= Americans Battling Communism =

Americans Battling Communism Inc. (ABC) was an anti-communist organization created following an October 1947 speech by Pennsylvania Judge Blair Gunther that called for an "ABC movement" to educate America about communism. Chartered in November 1947 by Harry Alan Sherman, a local lawyer active in various anti-communist organizations, the group took part in such activities as blacklisting by disclosing the names of people suspected of being communists. Its members included local judges and lawyers active in the McCarthy-era prosecution of communists.

==History==
Americans Battling Communism, Inc. (ABC) was conceived in Pittsburgh when anti-communists in Western Pennsylvania expressed anxiety over what they saw as the infiltration of "Reds" into the Croatian Fraternal Order, a Croatian American society. In October 1947, Blair Gunther, an anti-communist local judge, organized a meeting of fifty prominent locals to discuss ways of campaigning against similar communist infiltration. Gunther spoke of the need to "expose the Reds" through "education" in the form an "ABC movement," which inspired the name.

ABC was chartered by lawyer Harry Alan Sherman in November 1947 as a "non-profit organization to combat Communism." The charter called for an "aggressive program for enlightening American people as to the purpose, the methods, and the agencies of the Communist organizations to the end that an enlightened and alerted public. . . shall take steps, including. . . security legislation as may be necessary to eliminate the threat posed by Communism to the American way of life."

The organization soon began to identify Communists or "left-wing sympathizers," whose names the local newspapers then published. A number of these people were immigrants who were threatened with deportation. Others were forced out of their jobs.

When Matt Cvetic, an FBI informant with a deteriorating relationship with the FBI, approached newspaperman James Moore with the offer of telling his anti-communist stories in early 1950, the newsman put him in touch with Gunther and Sherman. ABC came up with financial and other support, with Sherman becoming Cvetic's attorney and manager.

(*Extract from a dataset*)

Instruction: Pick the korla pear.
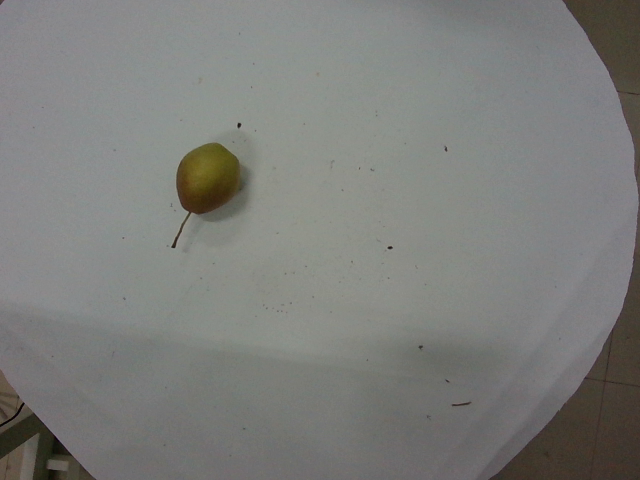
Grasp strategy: vertical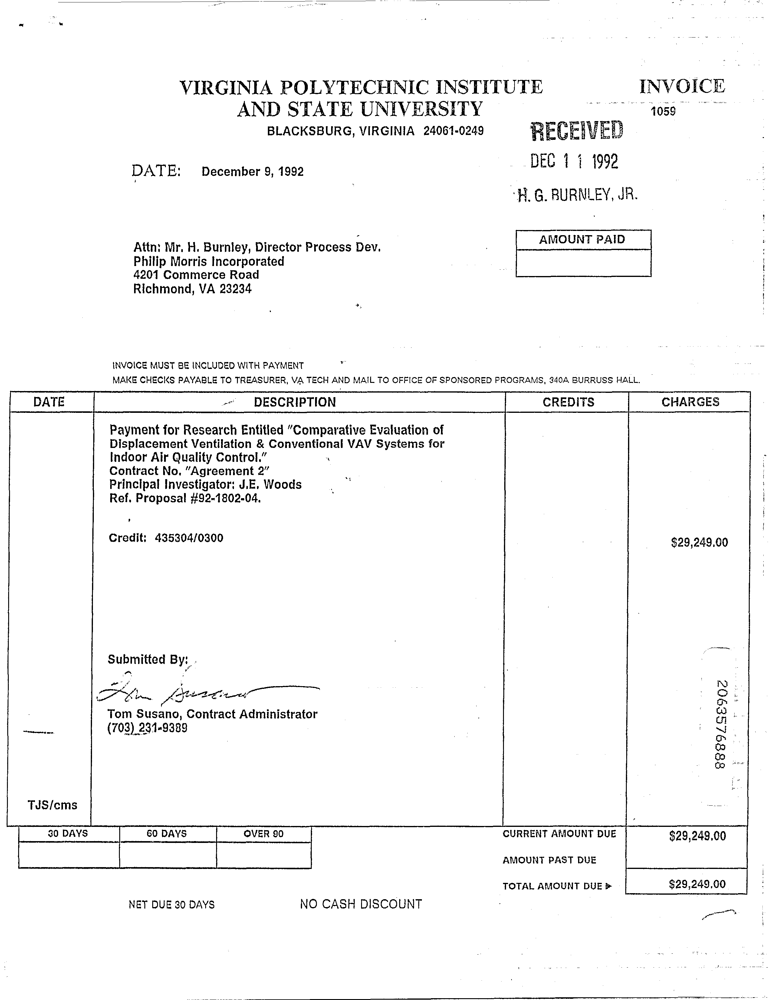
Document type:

Left wing historian Daniel Leab argues that the organization was foremost a tool employed by Sherman for his personal purposes: "for much of its existence Americans Battling Communism was not much more than a façade that Sherman used to enhance his own prestige: thus, a press release would be sent out by Sherman, identifying him as the 'chairman of Americans Battling Communism: who would address the members of (you name it) on 'Communists in Our Midst' (or a similar topic)."

The group's membership included several Pennsylvania judges presiding over McCarthy-era trials against communists. Steven Nelson, one of the communists sent to jail in the McCarthy-era prosecutions, recalled his sedition trial under Judge Harry M. Montgomery, a member of ABC:

I asked the judge to tell me if it wasn't a fact that he was one of the founders of the Americans Battling Communism, an organization which had demanded my arrest and circulated propaganda against me. Yes, he admitted that he was one of the officers, 'but at the present time inactive' (he meant while in the courtroom).